Surely I’m omitting several worthy names
One Size Doesn’t Fit All
Stock designers have a tough job, not only because no two faces are the same, but because scopes and mounts vary almost as widely. The hunting scopes I prefer nestle nicely in low rings. However, optics with front lenses the size of irrigation pipes abound and scopes of modest size are commonly cinched in rings taller than necessary. In a bid to drive stock-makers mad, shops turning out scope mounts have yet to set standard measures defining “high,” “medium” and “low” rings industry-wide. Then too, there’s the current penchant to perch them on Picatinny rails….

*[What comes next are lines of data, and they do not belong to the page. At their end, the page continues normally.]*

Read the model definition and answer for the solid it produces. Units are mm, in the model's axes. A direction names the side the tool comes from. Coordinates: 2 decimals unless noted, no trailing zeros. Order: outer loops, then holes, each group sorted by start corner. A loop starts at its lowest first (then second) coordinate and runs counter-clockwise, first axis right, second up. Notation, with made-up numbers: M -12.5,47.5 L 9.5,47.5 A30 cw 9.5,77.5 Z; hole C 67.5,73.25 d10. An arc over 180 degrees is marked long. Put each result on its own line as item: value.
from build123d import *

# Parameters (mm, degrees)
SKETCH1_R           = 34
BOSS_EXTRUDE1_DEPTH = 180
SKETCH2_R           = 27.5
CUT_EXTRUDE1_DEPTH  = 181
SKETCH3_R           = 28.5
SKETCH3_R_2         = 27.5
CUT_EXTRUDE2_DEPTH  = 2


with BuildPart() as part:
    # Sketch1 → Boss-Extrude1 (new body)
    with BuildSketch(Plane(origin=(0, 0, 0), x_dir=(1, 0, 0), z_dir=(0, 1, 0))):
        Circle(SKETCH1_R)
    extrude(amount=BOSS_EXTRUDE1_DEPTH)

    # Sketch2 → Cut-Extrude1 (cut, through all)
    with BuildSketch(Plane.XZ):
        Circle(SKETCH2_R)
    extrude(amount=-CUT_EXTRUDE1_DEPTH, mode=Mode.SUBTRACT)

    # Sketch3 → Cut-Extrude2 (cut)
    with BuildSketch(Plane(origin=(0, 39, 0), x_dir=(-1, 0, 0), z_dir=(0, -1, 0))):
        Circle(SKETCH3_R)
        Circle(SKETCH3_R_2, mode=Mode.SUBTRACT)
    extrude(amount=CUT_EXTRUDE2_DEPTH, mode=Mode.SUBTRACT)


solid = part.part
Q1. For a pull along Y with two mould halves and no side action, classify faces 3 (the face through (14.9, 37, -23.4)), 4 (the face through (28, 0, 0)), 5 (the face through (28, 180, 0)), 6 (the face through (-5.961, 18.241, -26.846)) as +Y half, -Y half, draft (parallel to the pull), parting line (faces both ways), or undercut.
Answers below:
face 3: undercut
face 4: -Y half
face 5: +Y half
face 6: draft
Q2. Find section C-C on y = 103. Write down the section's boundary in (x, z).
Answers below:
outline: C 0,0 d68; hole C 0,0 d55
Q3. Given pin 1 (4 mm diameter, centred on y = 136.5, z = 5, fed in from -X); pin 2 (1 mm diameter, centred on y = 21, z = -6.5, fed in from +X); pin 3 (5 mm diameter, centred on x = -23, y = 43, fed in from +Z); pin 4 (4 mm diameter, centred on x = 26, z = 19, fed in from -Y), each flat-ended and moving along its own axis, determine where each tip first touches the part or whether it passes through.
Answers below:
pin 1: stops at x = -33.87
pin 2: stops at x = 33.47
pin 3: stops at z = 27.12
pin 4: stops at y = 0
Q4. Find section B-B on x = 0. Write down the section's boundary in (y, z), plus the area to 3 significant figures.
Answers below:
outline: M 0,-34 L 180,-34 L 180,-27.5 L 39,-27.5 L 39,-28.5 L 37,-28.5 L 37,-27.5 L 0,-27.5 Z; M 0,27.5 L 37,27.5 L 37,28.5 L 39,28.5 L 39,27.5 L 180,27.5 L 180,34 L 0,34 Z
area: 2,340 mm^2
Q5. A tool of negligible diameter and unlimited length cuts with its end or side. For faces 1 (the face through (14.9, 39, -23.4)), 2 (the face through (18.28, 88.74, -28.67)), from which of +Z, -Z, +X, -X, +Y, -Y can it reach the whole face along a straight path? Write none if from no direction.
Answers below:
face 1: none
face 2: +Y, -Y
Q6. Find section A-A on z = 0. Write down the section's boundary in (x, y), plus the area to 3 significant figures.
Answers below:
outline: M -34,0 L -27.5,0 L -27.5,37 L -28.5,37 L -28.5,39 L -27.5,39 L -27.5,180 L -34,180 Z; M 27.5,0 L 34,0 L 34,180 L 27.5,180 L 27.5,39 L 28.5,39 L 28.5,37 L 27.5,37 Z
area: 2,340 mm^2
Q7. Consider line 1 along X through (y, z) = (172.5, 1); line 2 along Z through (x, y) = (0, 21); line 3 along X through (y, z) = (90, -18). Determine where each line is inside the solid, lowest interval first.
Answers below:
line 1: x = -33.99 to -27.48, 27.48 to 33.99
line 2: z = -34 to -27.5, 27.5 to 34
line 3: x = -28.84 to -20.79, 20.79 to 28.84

Before attractive scope-friendly stocks came about, hunters taped and strapped on cheek-pads to raise combs. Added thickness also lifts the sight line, as our faces taper, their widest measure typically across the zygomatic arches. We naturally slide our faces up a comb to bring our eye closer to center line in the scope. Not long ago I bought a Remington 722 in .244. Stocks on 721-722 rifles, unveiled in 1948, were shaped for open-sight use, with plenty of drop. This .244 wears an after-market cheek-pad of what seems hard rubber. It aligns my eye with a Weaver K6 in low rings. The comb of a commercial Mauser of about the same vintage was cut away by a previous owner who shaped and inletted a walnut cheekpiece. Lace-on leather cheek-pads were another option. They’ve given way to synthetic versions with Velcro straps. I put one of these on a Ruger American, whose comb I find much too low for scope use.
Adjustable combs, long used on rifles for three- and four-position bullseye competition, show up now on “hunter-match” and long-range rifles. Some are rudimentary. A Savage 110 rifle had a synthetic, taco-like shell that slipped over the comb. “Stops” in slots on either side engaged buttons on the stock to determine height. Lateral wheels on threaded posts run other combs up and down. Still other combs ride notched pillars. Spring-loaded buttons, as on Blaser’s GRS stock, release these combs and lock them at the desired height. While such adjustments help align your eye with the scope, they add weight, bulk and complexity to stocks that, without the hardware, might be more attractive.
A little change in comb height (and thickness) can make a big difference in eye placement behind the sight. A folded diaper taped to a low comb can suffice. When deer camp protocol demands something more masculine, consider a leather cartridge cuff. Galco’s lace-on Butt Cuff, with brass grommets, is my choice. It complements any sporter stock and might give you just the boost you need!